İlçede bulunan ve yapısı bozulmamış su kaynakları ve akarsularda 2017 yılında doğa derneği tarafından başlatılan analiz ve tespit çalışmalarından sonraki adımı olan koruma ve karantina çalışmaları başladı. Turizm açısından önemli bölgelerde yer alan su kaynakları ve akarsularda yaşayan ve türleri tehlikede olan Hitit yağ balığı, yılan balığı, göğce balığı, dişli sazancık balığı, Beyşehir sirazı, kaya balığı, çöpçü balığı, kızılkanat ve yağ balığı gibi türlerin doğa derneği tarafından koruma çalışmalarına başlandı.

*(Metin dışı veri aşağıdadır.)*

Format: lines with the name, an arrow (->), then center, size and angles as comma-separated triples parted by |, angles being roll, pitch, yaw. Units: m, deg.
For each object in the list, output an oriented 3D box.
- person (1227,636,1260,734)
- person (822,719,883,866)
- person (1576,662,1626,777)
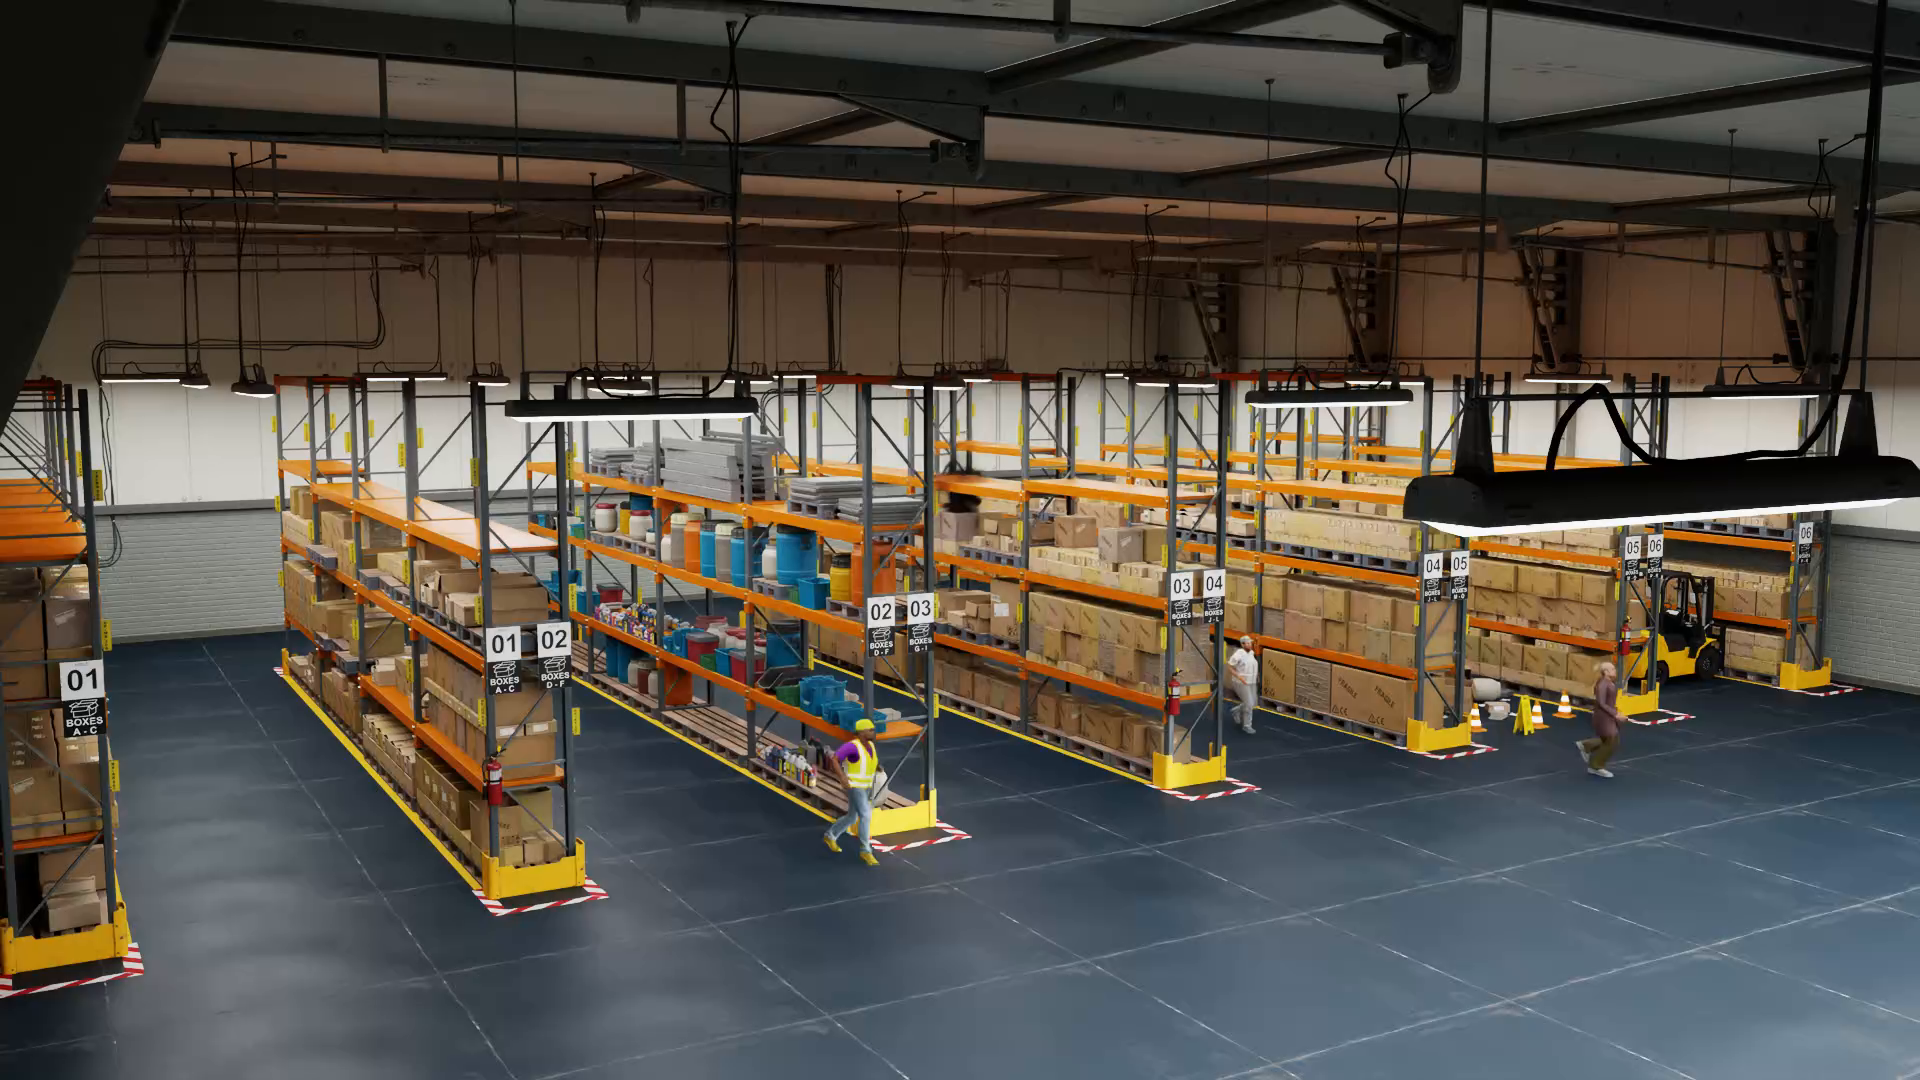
person -> 4.808, 2.435, 28.268 | 0.614, 1.648, 0.631 | -5, 8, -40
person -> -1.296, 3.160, 21.181 | 0.899, 1.772, 0.721 | 3, 7, 24
person -> 9.761, 2.714, 25.298 | 0.702, 1.749, 0.733 | 3, 7, 26

İlçede yapılan çalışmalar hakkında bilgi veren Doğa Derneği Doğa Kültürü Araştırma Sorumlusu Raziye İçtepe Akyol, 2002 yılında kurulan derneğin küresel anlamda türleri korumaya ve onları yaşatmak üzere çalışmalar yaptığını söyledi. Akyol, “Bu çalışmanın birinci fazının 2017 yılı sonunda tamamladık. Beyşehir Gölü’nün etrafındaki tüm akarsu kaynaklarının gözelerinin çıktığı yerlerindeki küçük endemik balıkların, yani sadece bu yöreye has olan balık türlerinin tespitini yaptık. Daha sonra bölgedeki değişik su kaynakları ve akarsularda yaşam süren, yöreye has endemik tür olarak nitelendirdikleri küçük balıkları da koruma konusunda Birleşmiş Milletler (BM) Küçük Destek Programı (SGP) kapsamında çalışmalar yürütmeye başladık. Çalışmalara ek olarak kuşları koruma çalışmalarına da başladık. Ama aynı zamanda eko sistemler; bu kapsamda sulak alanlar, bozkırlar, yüksek dağlar, denizler gibi alanlarda da çalışıyoruz. Bu alanlarda yaptığımız çalışmalar genellikle halk tabanlı koruma dediğimiz çalışmalar. Yaptığımız bu çalışmalarda türleri koruduğumuz ya da koruma çalışmalarına koyduğumuz katkı kadar bölgede aynı şekilde yaşayan yörenin kültürel çeşitliliğini de koruma çalışıyoruz. Onlarla ilgili yaptığımız araştırmalarda, özelikle o bölgede yapılan üretim desenlerine bakıyoruz. Çünkü, bu üretim desenleri o bölgedeki hem doğayı koruyor, hem de kırsal ekonominin kalkınmasını sağlıyor. Hem de gerçekten doğanın canını acıtmadan bir üretim ortaya koymuş oluyor. ”dedi.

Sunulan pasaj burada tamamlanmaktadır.